[WORK TO COMPLETE]
Reproduce all lines of the listing below in which the word "πόρους" occurs.

BEGIN DATA TO PROCESS

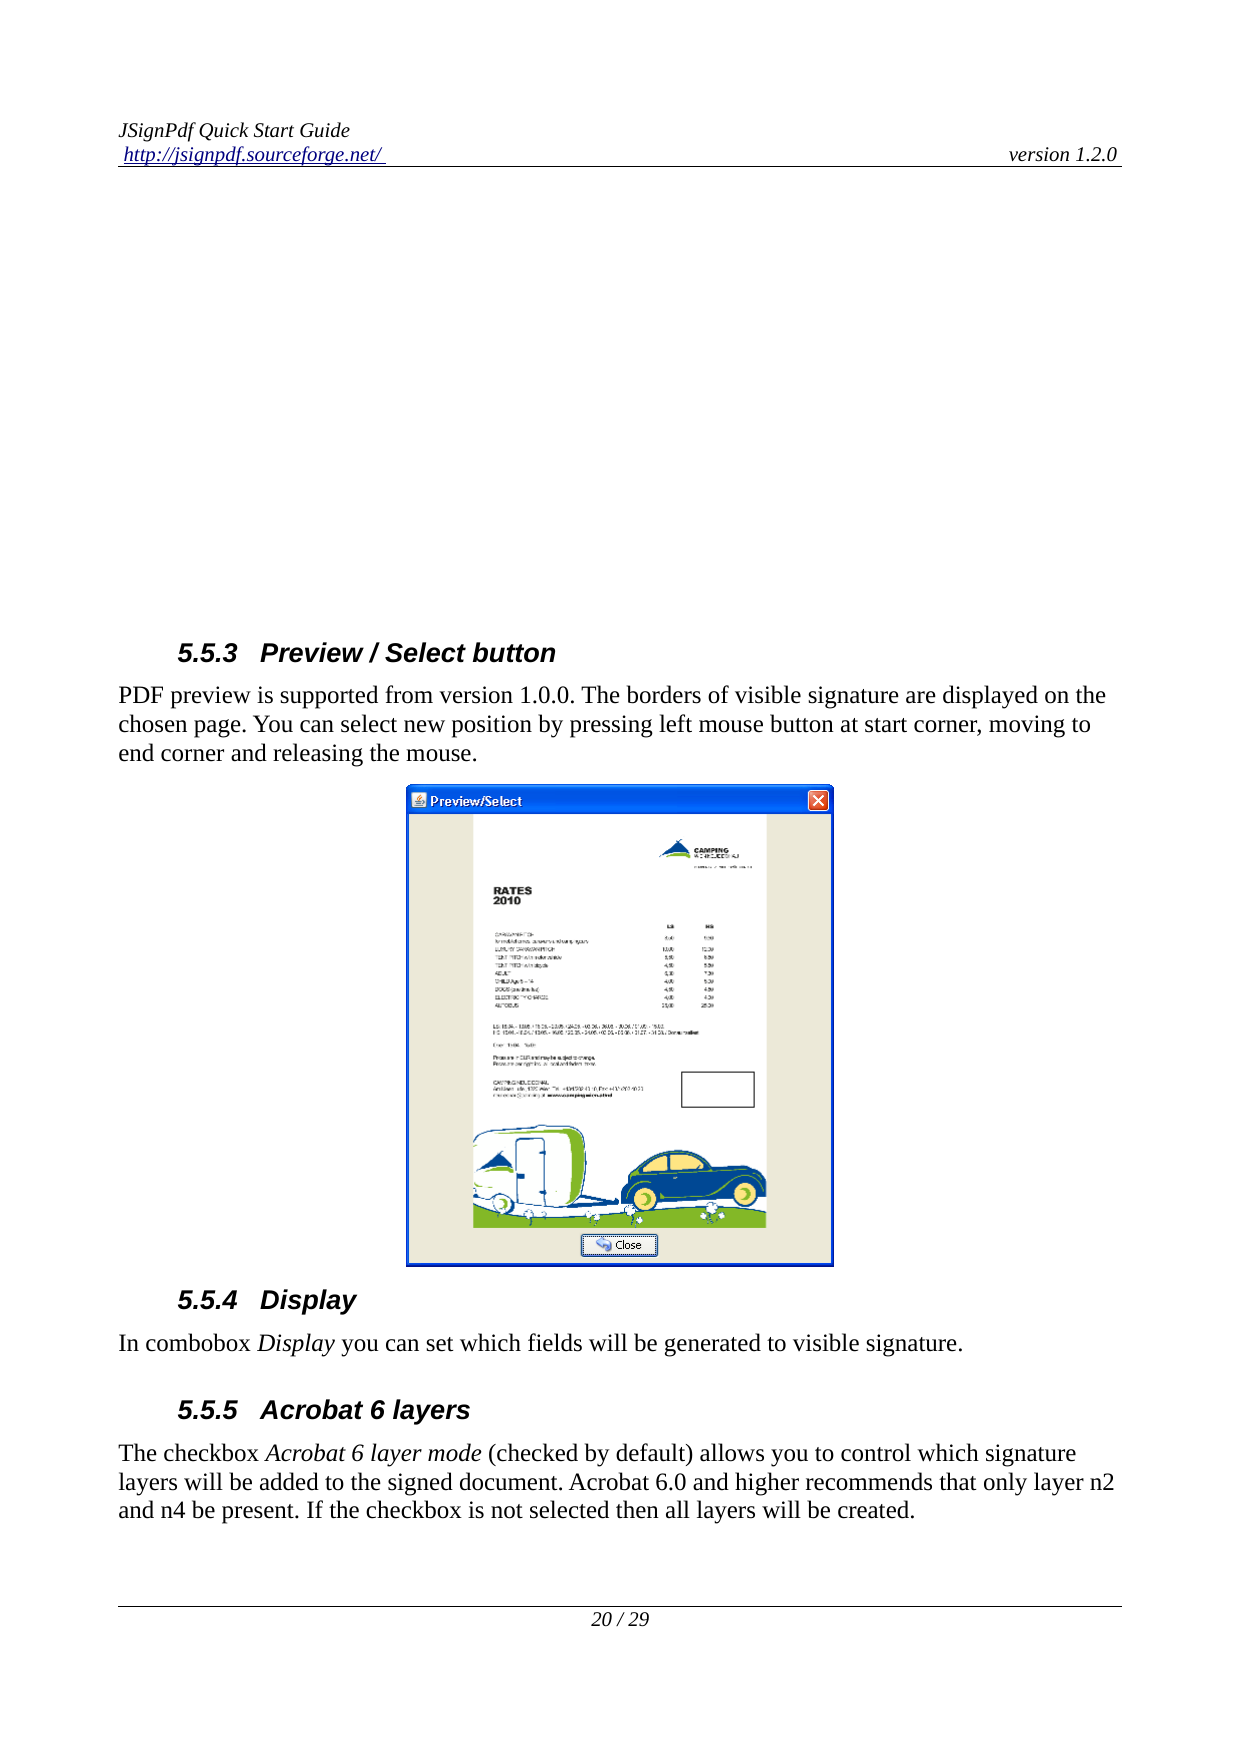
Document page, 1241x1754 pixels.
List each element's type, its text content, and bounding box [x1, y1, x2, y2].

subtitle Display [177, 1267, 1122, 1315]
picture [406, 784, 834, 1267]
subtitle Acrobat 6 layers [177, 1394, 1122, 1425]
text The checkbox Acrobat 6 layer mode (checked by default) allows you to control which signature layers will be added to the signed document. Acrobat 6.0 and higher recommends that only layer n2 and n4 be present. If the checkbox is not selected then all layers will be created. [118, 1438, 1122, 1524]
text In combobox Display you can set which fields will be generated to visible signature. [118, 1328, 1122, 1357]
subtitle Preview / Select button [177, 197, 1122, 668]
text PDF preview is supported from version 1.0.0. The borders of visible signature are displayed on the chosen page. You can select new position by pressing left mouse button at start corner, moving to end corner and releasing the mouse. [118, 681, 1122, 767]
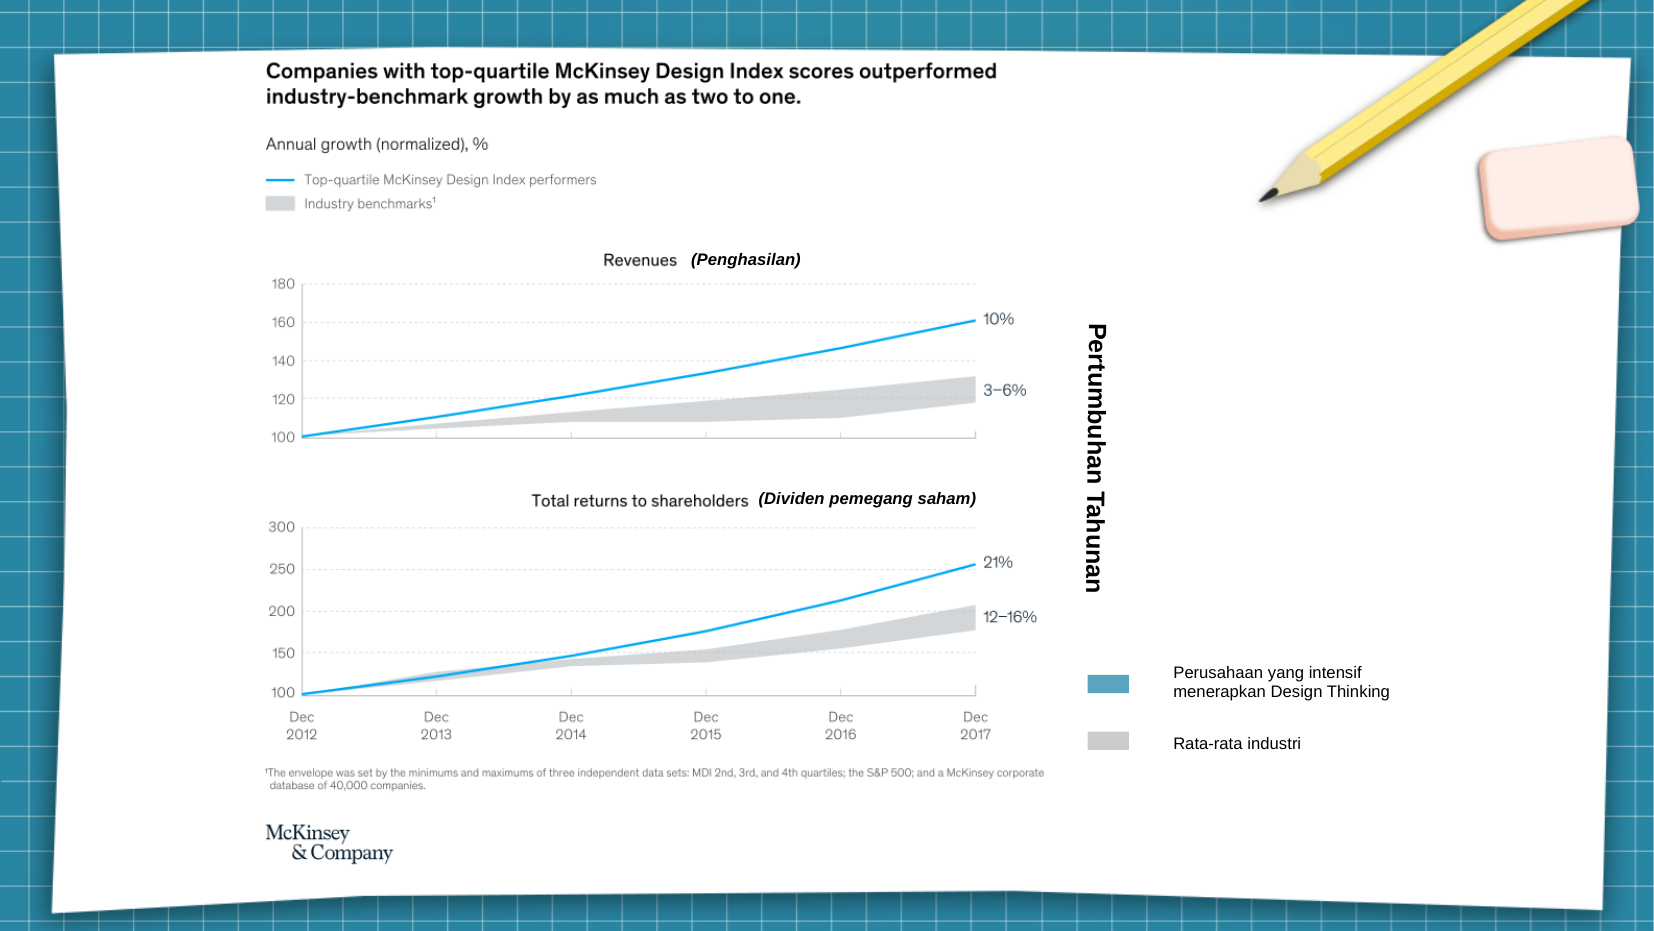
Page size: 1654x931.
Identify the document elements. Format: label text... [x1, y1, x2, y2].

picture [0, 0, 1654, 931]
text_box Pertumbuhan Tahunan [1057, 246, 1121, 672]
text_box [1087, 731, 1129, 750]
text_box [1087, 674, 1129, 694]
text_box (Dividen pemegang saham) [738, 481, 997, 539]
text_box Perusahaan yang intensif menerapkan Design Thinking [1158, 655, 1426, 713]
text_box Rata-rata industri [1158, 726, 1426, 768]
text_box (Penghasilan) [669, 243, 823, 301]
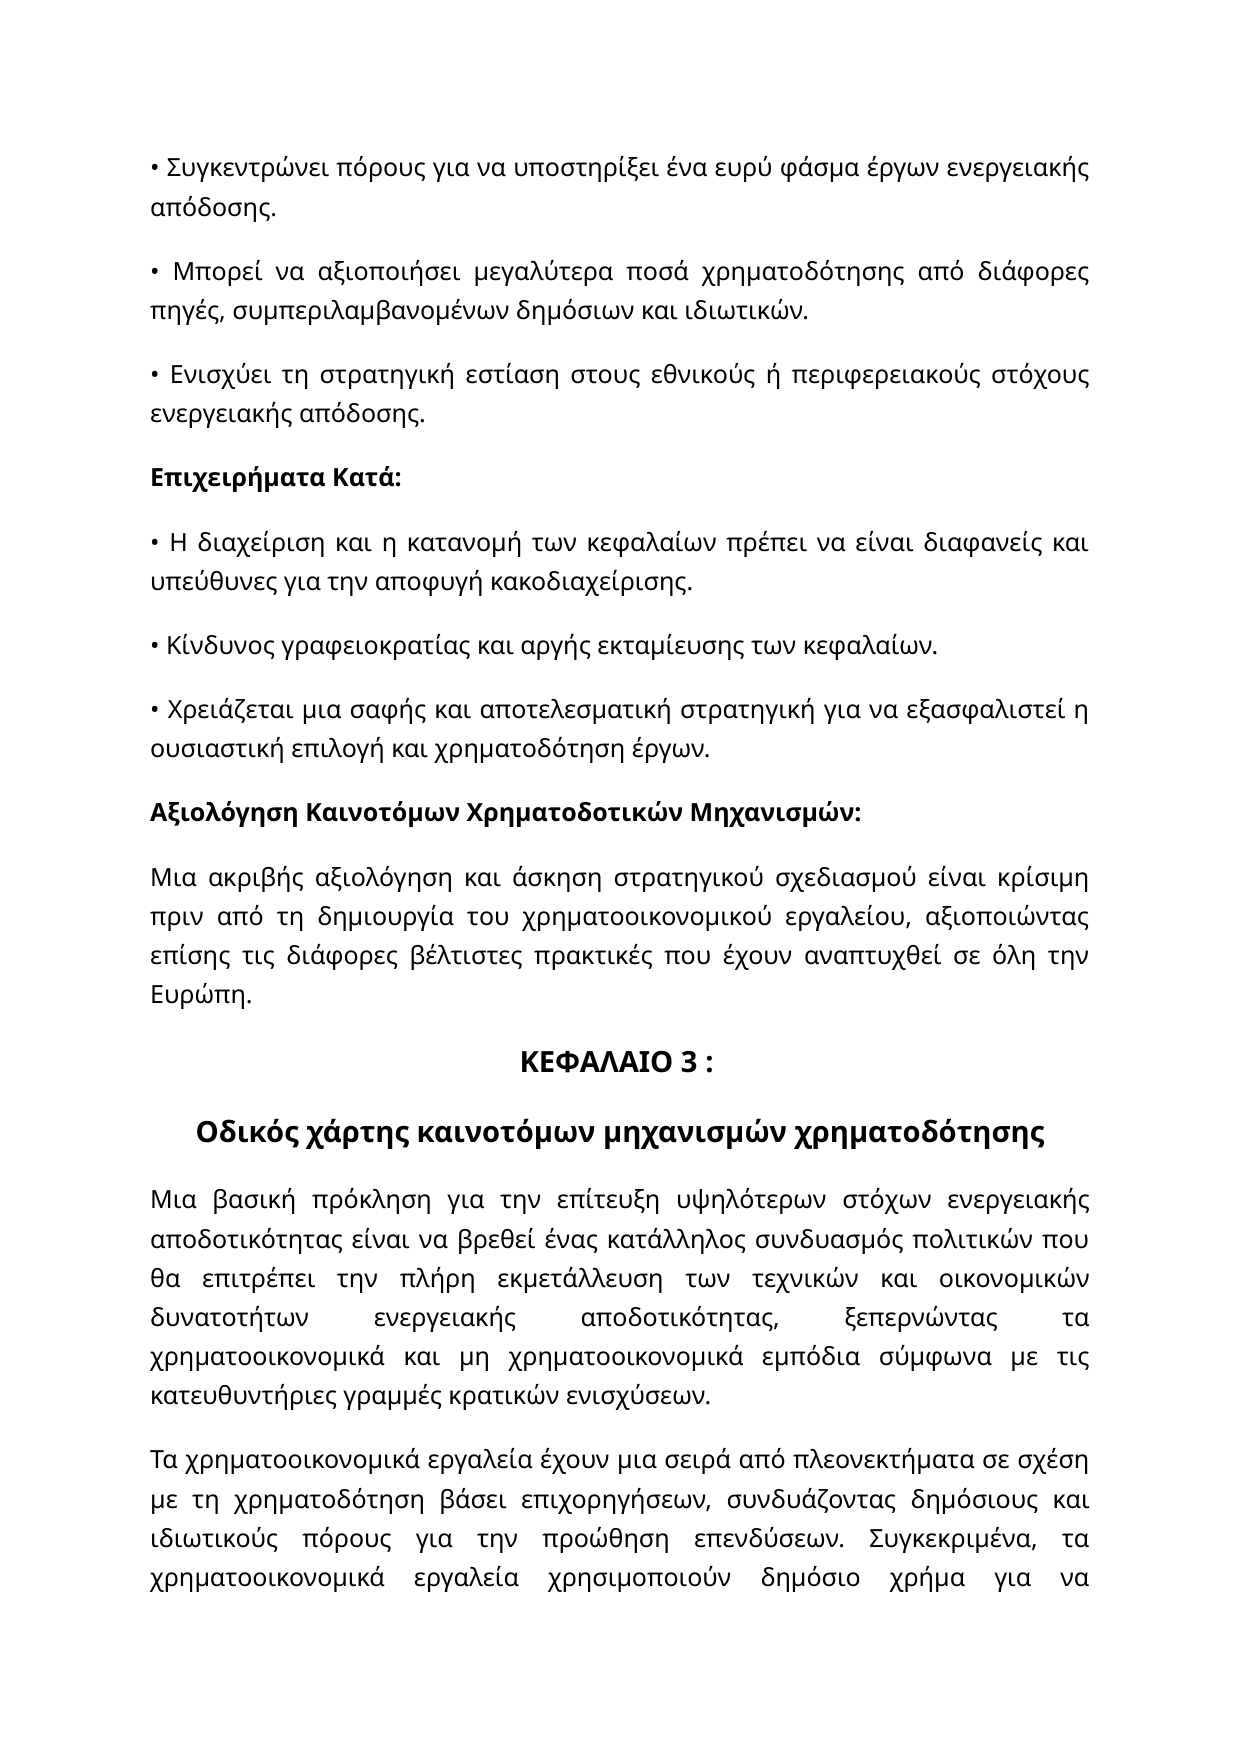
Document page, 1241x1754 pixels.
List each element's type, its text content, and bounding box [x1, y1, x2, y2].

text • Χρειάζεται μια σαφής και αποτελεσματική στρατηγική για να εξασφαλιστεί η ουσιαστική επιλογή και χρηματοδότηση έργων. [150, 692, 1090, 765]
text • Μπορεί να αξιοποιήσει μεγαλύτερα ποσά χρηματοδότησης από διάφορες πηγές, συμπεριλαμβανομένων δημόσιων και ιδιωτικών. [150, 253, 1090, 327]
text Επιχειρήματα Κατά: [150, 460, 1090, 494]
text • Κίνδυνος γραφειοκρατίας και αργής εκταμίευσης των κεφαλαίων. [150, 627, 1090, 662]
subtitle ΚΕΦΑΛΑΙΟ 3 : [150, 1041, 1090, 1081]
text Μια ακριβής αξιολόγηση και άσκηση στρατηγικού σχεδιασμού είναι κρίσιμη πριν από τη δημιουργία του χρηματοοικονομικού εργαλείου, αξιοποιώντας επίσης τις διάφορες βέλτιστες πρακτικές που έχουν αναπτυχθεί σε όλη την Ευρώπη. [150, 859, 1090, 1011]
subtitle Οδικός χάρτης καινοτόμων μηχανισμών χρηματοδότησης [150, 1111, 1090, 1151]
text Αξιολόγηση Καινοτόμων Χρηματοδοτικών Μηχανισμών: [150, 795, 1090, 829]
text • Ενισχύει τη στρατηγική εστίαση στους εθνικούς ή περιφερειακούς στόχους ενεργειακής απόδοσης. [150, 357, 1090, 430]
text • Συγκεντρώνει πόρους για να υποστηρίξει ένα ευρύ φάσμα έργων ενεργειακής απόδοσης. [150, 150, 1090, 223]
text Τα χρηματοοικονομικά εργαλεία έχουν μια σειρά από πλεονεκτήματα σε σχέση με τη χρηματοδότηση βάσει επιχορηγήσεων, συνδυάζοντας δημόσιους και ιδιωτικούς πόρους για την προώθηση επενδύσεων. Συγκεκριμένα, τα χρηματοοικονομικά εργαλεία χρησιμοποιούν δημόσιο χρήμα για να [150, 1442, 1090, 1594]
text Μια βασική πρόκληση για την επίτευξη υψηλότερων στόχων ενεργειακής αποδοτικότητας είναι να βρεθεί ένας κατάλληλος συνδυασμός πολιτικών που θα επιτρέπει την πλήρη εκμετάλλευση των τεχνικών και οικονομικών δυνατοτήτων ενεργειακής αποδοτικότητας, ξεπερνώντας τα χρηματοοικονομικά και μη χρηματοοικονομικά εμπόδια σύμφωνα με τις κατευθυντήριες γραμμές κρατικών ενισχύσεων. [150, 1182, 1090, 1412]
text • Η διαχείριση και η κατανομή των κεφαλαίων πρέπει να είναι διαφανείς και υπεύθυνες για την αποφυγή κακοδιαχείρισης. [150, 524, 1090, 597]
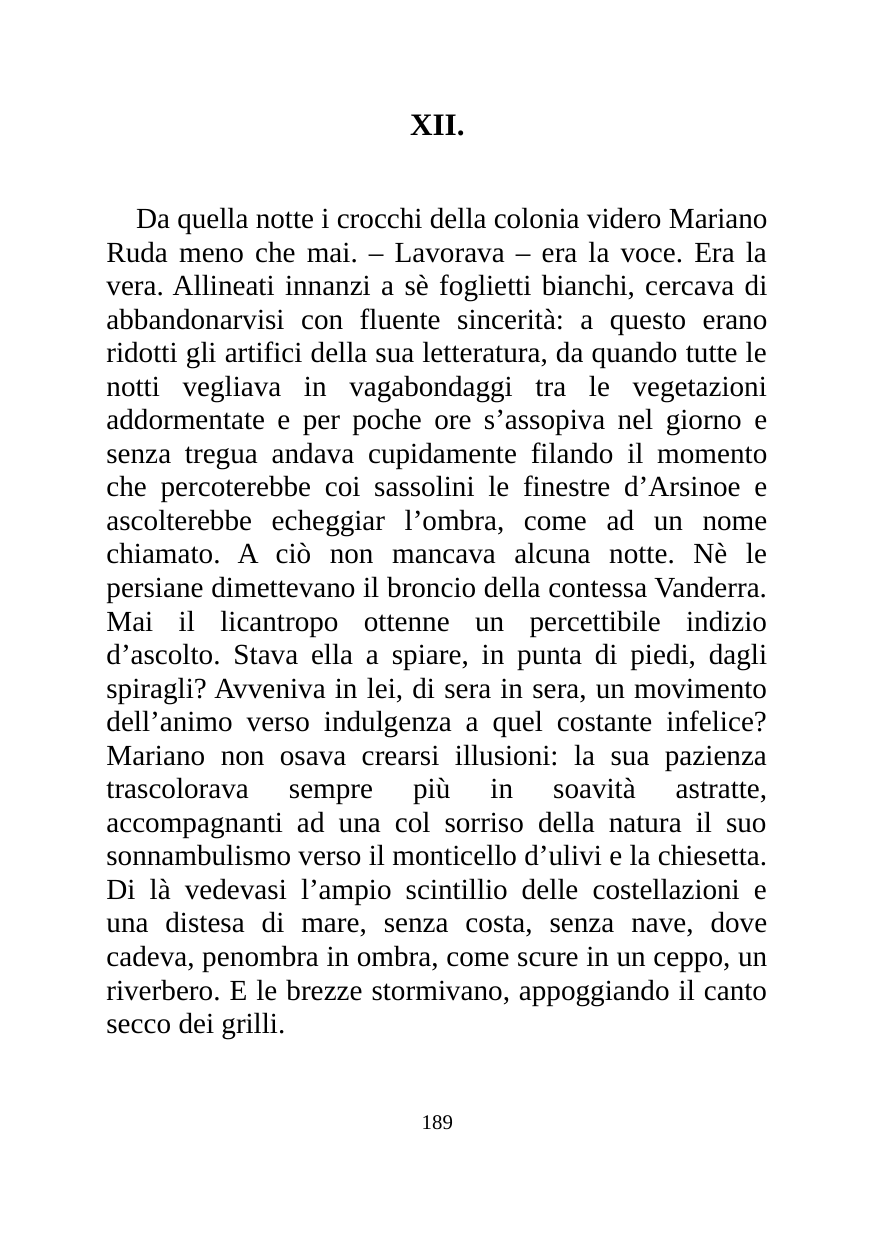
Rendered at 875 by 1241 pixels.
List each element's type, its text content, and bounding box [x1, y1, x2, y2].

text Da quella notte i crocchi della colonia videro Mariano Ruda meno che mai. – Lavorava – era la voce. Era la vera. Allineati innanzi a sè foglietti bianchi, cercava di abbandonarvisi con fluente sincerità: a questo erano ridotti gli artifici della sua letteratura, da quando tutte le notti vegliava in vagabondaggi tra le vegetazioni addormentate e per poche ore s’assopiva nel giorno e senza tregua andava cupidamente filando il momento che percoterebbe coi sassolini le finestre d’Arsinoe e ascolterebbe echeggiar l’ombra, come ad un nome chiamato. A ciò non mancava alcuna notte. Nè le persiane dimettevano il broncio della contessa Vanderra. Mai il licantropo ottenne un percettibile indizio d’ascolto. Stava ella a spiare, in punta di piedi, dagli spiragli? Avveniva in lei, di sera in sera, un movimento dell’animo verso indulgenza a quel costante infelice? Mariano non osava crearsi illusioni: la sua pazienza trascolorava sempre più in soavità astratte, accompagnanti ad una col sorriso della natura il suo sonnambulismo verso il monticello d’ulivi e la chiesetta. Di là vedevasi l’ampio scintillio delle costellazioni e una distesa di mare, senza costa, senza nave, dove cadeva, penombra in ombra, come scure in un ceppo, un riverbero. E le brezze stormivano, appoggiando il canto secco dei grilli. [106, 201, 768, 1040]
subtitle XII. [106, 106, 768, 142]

END DATA TO PROCESS

[TASK SOLUTION]
text • Συγκεντρώνει πόρους για να υποστηρίξει ένα ευρύ φάσμα έργων ενεργειακής απόδοσης. [150, 150, 1090, 223]
text Τα χρηματοοικονομικά εργαλεία έχουν μια σειρά από πλεονεκτήματα σε σχέση με τη χρηματοδότηση βάσει επιχορηγήσεων, συνδυάζοντας δημόσιους και ιδιωτικούς πόρους για την προώθηση επενδύσεων. Συγκεκριμένα, τα χρηματοοικονομικά εργαλεία χρησιμοποιούν δημόσιο χρήμα για να [150, 1442, 1090, 1594]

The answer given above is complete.